Metastatic Urothelial Carcinoma from Transplanted Kidney with Complete Response to an Immune Checkpoint Inhibitor.

Abstract

Background

Donor-derived malignancy is a rare complication in patients who undergo organ transplant. Approaches to treatment have largely been individualized based on clinical circumstances given the lack of evidence-based guidelines, with therapeutic options ranging from discontinuation of immunosuppression and transplantectomy to the addition of chemotherapy or radiotherapy. Case Presentation. Herein, we describe a 60-year-old woman with metastatic donor-derived upper tract urothelial carcinoma (UTUC) discovered nine years postrenal transplant. Molecular diagnostic studies using polymerase chain reaction amplification of short tandem repeat alleles and HLA tissue typing proved that the urothelial carcinoma originated from donor tissue. She achieved sustained complete remission with transplant nephroureterectomy, retroperitoneal lymphadenectomy, immunosuppression withdrawal, and immunotherapy with pembrolizumab.
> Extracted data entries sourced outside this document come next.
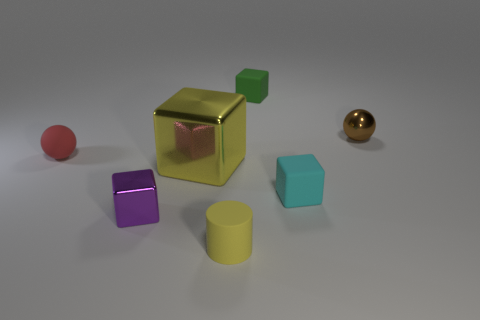Add 2 brown rubber cylinders. How many objects exist? 9 Subtract all cubes. How many objects are left? 3 Add 5 red objects. How many red objects exist? 6 Subtract 0 cyan balls. How many objects are left? 7 Subtract all purple metallic things. Subtract all small red rubber objects. How many objects are left? 5 Add 1 tiny brown metal spheres. How many tiny brown metal spheres are left? 2 
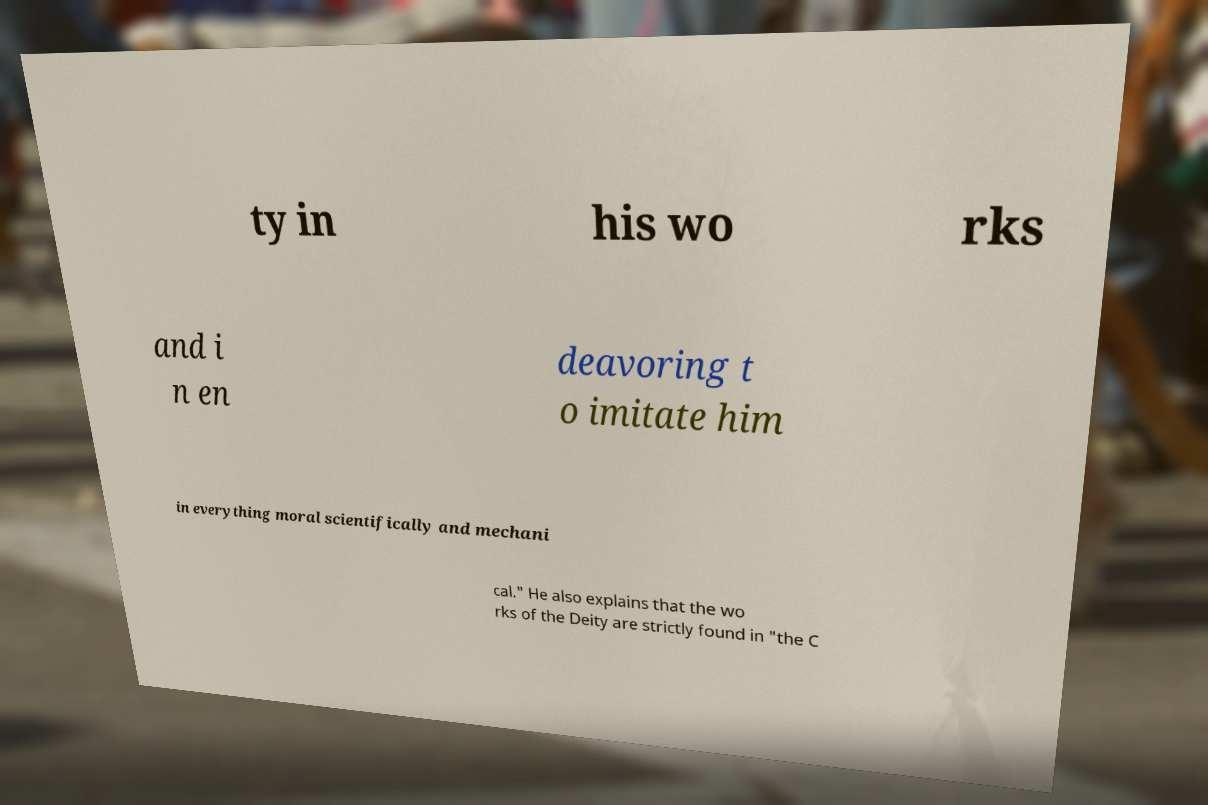Please read and relay the text visible in this image. What does it say? ty in his wo rks and i n en deavoring t o imitate him in everything moral scientifically and mechani cal." He also explains that the wo rks of the Deity are strictly found in "the C 
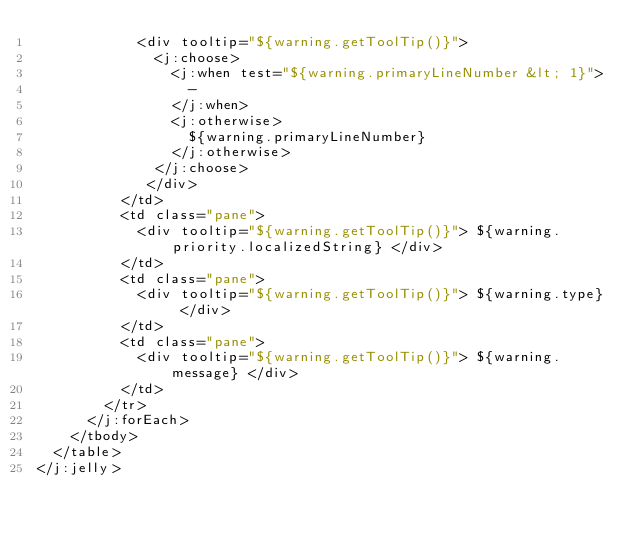<code> <loc_0><loc_0><loc_500><loc_500><_XML_>            <div tooltip="${warning.getToolTip()}">
              <j:choose>
                <j:when test="${warning.primaryLineNumber &lt; 1}">
                  -
                </j:when>
                <j:otherwise>
                  ${warning.primaryLineNumber}
                </j:otherwise>
              </j:choose>
             </div>
          </td>
          <td class="pane">
            <div tooltip="${warning.getToolTip()}"> ${warning.priority.localizedString} </div>
          </td>
          <td class="pane">
            <div tooltip="${warning.getToolTip()}"> ${warning.type} </div>
          </td>
          <td class="pane">
            <div tooltip="${warning.getToolTip()}"> ${warning.message} </div>
          </td>
        </tr>
      </j:forEach>
    </tbody>
  </table>
</j:jelly>
</code> 
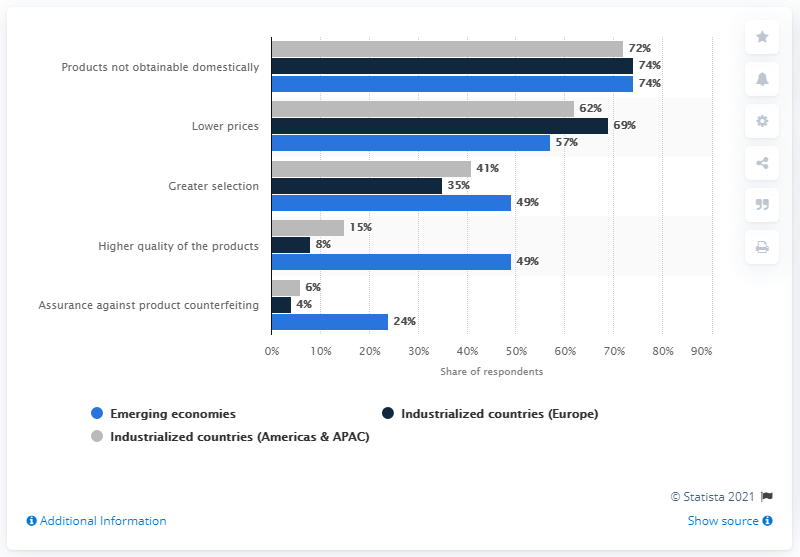Specify some key components in this picture. The leading reason for emerging economies is the lack of availability of products within their own country. The top three reasons for emerging economies make up a combined percentage of 180%. 
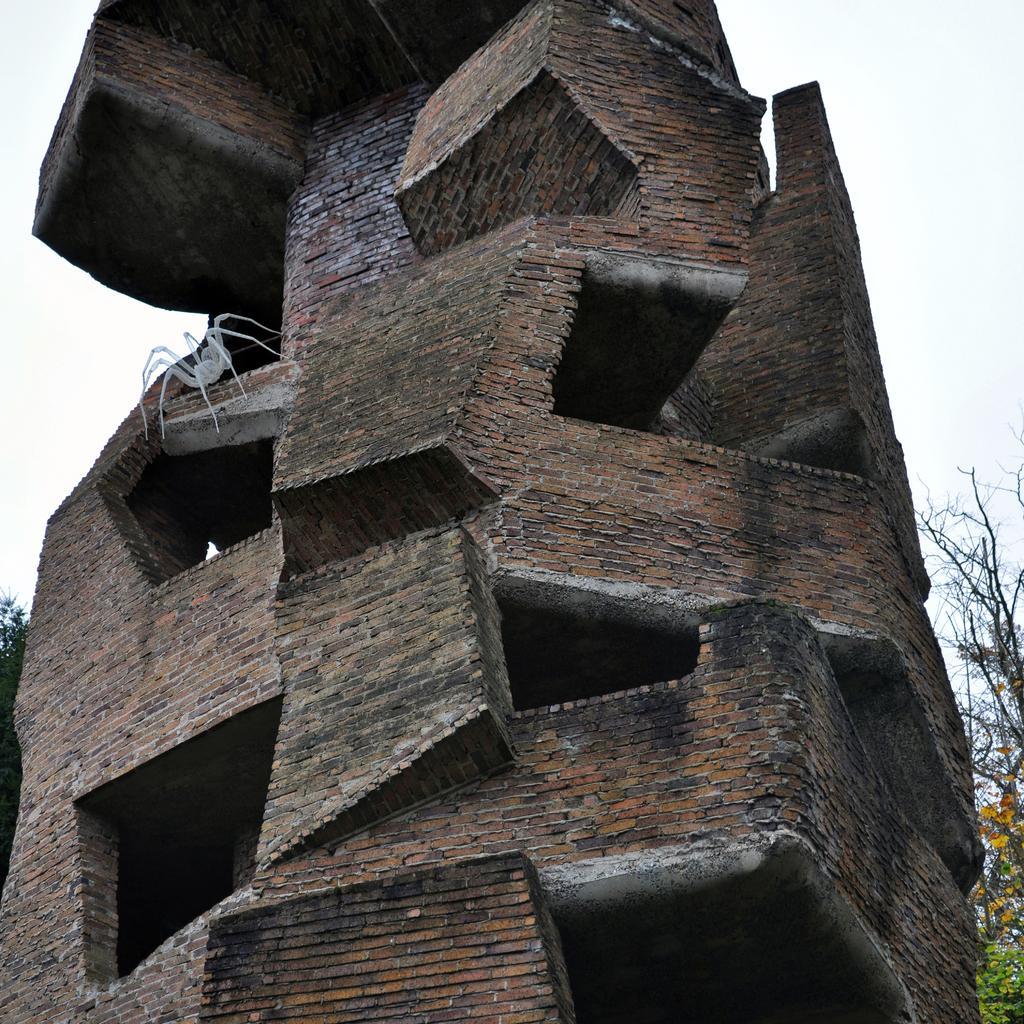How would you summarize this image in a sentence or two? In this picture I can see a building, there is a spider, there are trees, and in the background there is the sky. 
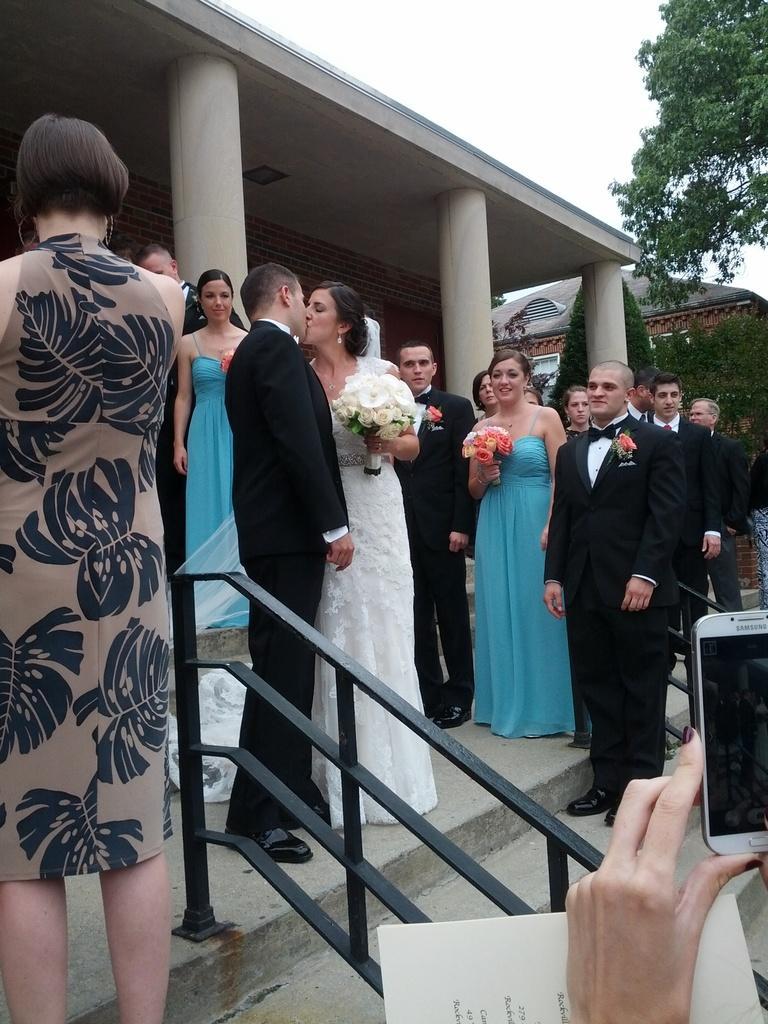In one or two sentences, can you explain what this image depicts? In this image I can see group of people standing. Among them two women are holding the bouquet with white and orange flowers. There is a person holding the mobile and the paper. Few people are wearing the blazers. In the back there is a building,trees,and a sky. 
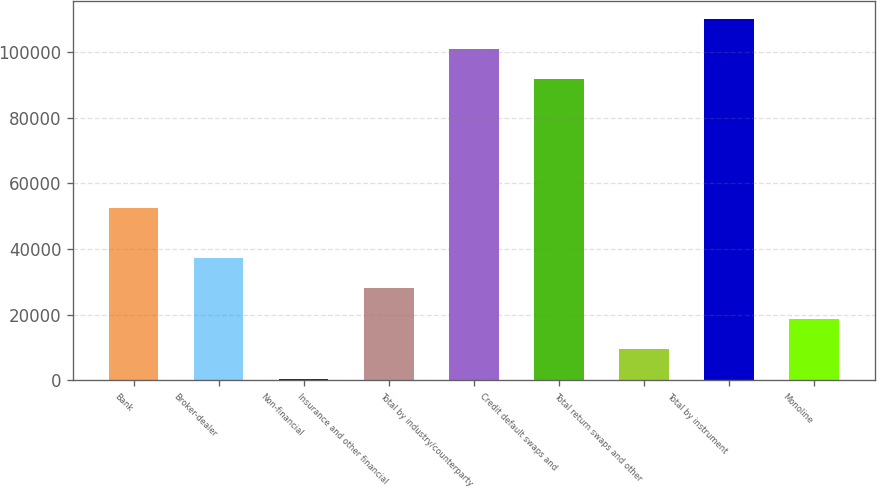Convert chart. <chart><loc_0><loc_0><loc_500><loc_500><bar_chart><fcel>Bank<fcel>Broker-dealer<fcel>Non-financial<fcel>Insurance and other financial<fcel>Total by industry/counterparty<fcel>Credit default swaps and<fcel>Total return swaps and other<fcel>Total by instrument<fcel>Monoline<nl><fcel>52383<fcel>37320.2<fcel>339<fcel>28074.9<fcel>100870<fcel>91625<fcel>9584.3<fcel>110116<fcel>18829.6<nl></chart> 
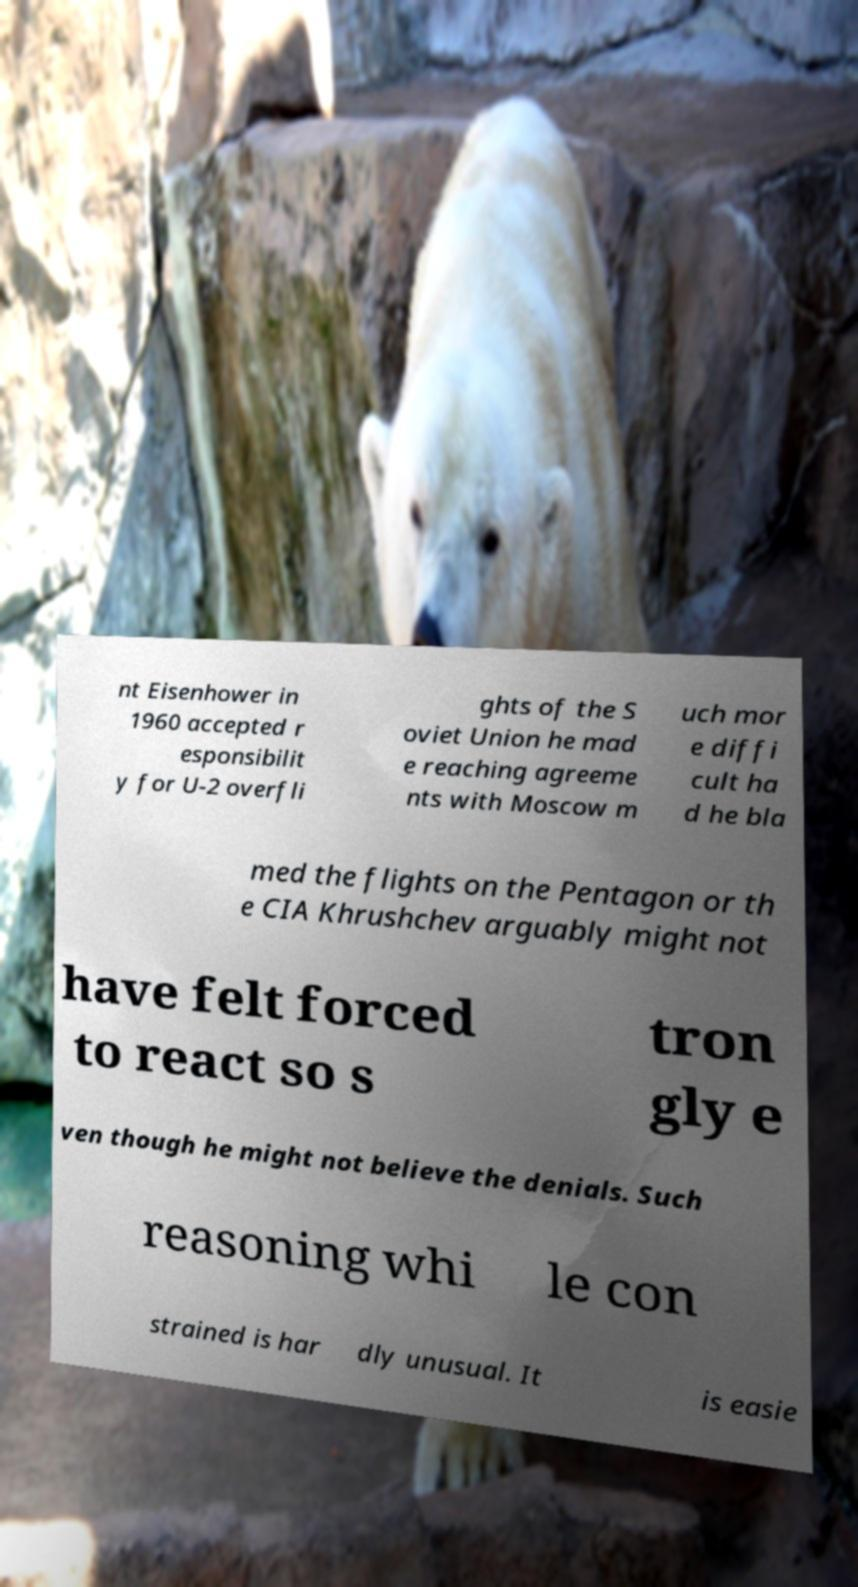Please identify and transcribe the text found in this image. nt Eisenhower in 1960 accepted r esponsibilit y for U-2 overfli ghts of the S oviet Union he mad e reaching agreeme nts with Moscow m uch mor e diffi cult ha d he bla med the flights on the Pentagon or th e CIA Khrushchev arguably might not have felt forced to react so s tron gly e ven though he might not believe the denials. Such reasoning whi le con strained is har dly unusual. It is easie 
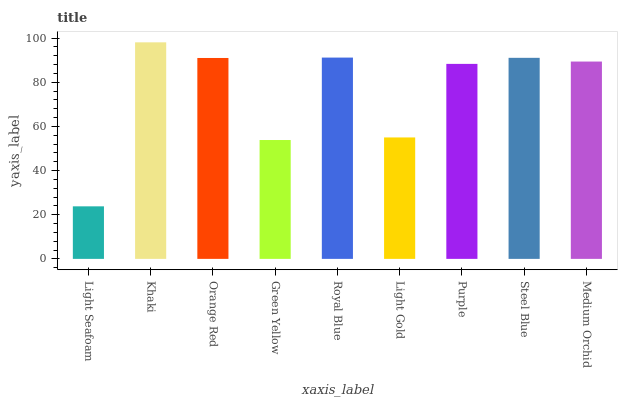Is Orange Red the minimum?
Answer yes or no. No. Is Orange Red the maximum?
Answer yes or no. No. Is Khaki greater than Orange Red?
Answer yes or no. Yes. Is Orange Red less than Khaki?
Answer yes or no. Yes. Is Orange Red greater than Khaki?
Answer yes or no. No. Is Khaki less than Orange Red?
Answer yes or no. No. Is Medium Orchid the high median?
Answer yes or no. Yes. Is Medium Orchid the low median?
Answer yes or no. Yes. Is Orange Red the high median?
Answer yes or no. No. Is Steel Blue the low median?
Answer yes or no. No.

Routine radiologic surveillance has demonstrated 15-month progression-free survival to date off pembrolizumab, and she is now under consideration for retransplantation.

Conclusions

Immunotherapy using checkpoint inhibitors can serve as a novel treatment option for patients in the clinical predicament of having a solid organ transplant and simultaneous metastatic malignancy. In this report, we also discuss the oncogenic potential of BK virus, the use of checkpoint inhibitors in urothelial carcinoma, and the feasibility of retransplant for this patient population.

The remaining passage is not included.